┌─ INFORMATION

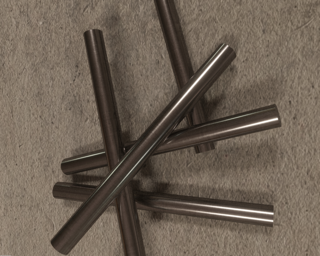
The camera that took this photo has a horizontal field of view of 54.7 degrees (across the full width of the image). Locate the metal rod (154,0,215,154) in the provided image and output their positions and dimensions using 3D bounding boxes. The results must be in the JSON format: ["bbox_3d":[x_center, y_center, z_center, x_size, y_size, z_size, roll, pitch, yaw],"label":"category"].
[{"bbox_3d":[0.019,-0.114,0.401,0.025,0.025,0.298,-17,85,19],"label":"metal rod"}]

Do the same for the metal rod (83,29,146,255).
[{"bbox_3d":[-0.057,0.021,0.387,0.025,0.025,0.298,-14,82,19],"label":"metal rod"}]

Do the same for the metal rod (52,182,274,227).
[{"bbox_3d":[-0.010,0.098,0.411,0.301,0.025,0.025,2,91,19],"label":"metal rod"}]

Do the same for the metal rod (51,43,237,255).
[{"bbox_3d":[-0.015,0.020,0.360,0.025,0.025,0.300,39,84,15],"label":"metal rod"}]

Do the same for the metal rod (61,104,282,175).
[{"bbox_3d":[-0.006,0.022,0.390,0.300,0.025,0.025,-15,85,26],"label":"metal rod"}]
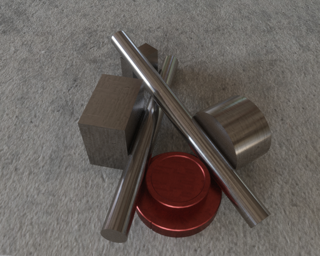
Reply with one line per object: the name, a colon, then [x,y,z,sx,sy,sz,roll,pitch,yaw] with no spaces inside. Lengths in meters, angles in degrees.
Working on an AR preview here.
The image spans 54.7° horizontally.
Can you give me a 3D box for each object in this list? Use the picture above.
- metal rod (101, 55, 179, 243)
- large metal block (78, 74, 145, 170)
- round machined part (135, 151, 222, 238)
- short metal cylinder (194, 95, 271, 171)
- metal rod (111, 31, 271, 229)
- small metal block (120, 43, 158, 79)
metal rod: [-0.012,-0.003,0.388,0.025,0.025,0.300,9,44,7]
large metal block: [-0.053,-0.006,0.373,0.050,0.080,0.080,9,51,7]
round machined part: [0.019,0.065,0.340,0.099,0.042,0.098,0,50,0]
short metal cylinder: [0.082,0.008,0.364,0.050,0.080,0.080,-26,55,-20]
metal rod: [0.022,-0.016,0.374,0.025,0.025,0.300,-26,64,-20]
small metal block: [-0.030,-0.091,0.464,0.025,0.050,0.050,38,59,27]
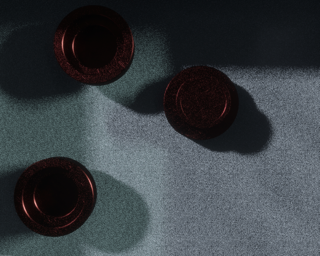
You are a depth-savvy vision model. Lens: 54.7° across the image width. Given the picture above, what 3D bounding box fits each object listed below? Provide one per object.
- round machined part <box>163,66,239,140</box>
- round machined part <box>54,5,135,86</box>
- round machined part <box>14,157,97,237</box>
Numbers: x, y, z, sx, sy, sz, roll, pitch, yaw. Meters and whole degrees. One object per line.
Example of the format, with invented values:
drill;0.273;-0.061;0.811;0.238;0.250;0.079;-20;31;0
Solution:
round machined part;0.054;-0.033;0.403;0.099;0.042;0.097;0;90;0
round machined part;-0.082;-0.103;0.402;0.099;0.042;0.097;0;90;0
round machined part;-0.131;0.085;0.402;0.099;0.042;0.097;0;90;0

└─

◆ **HOW TO COMPLETE THIS TASK**
Search the records for the word "above". Copy each line where it appears.

◆ **YOUR RESPONSE**
Can you give me a 3D box for each object in this list? Use the picture above.
You are a depth-savvy vision model. Lens: 54.7° across the image width. Given the picture above, what 3D bounding box fits each object listed below? Provide one per object.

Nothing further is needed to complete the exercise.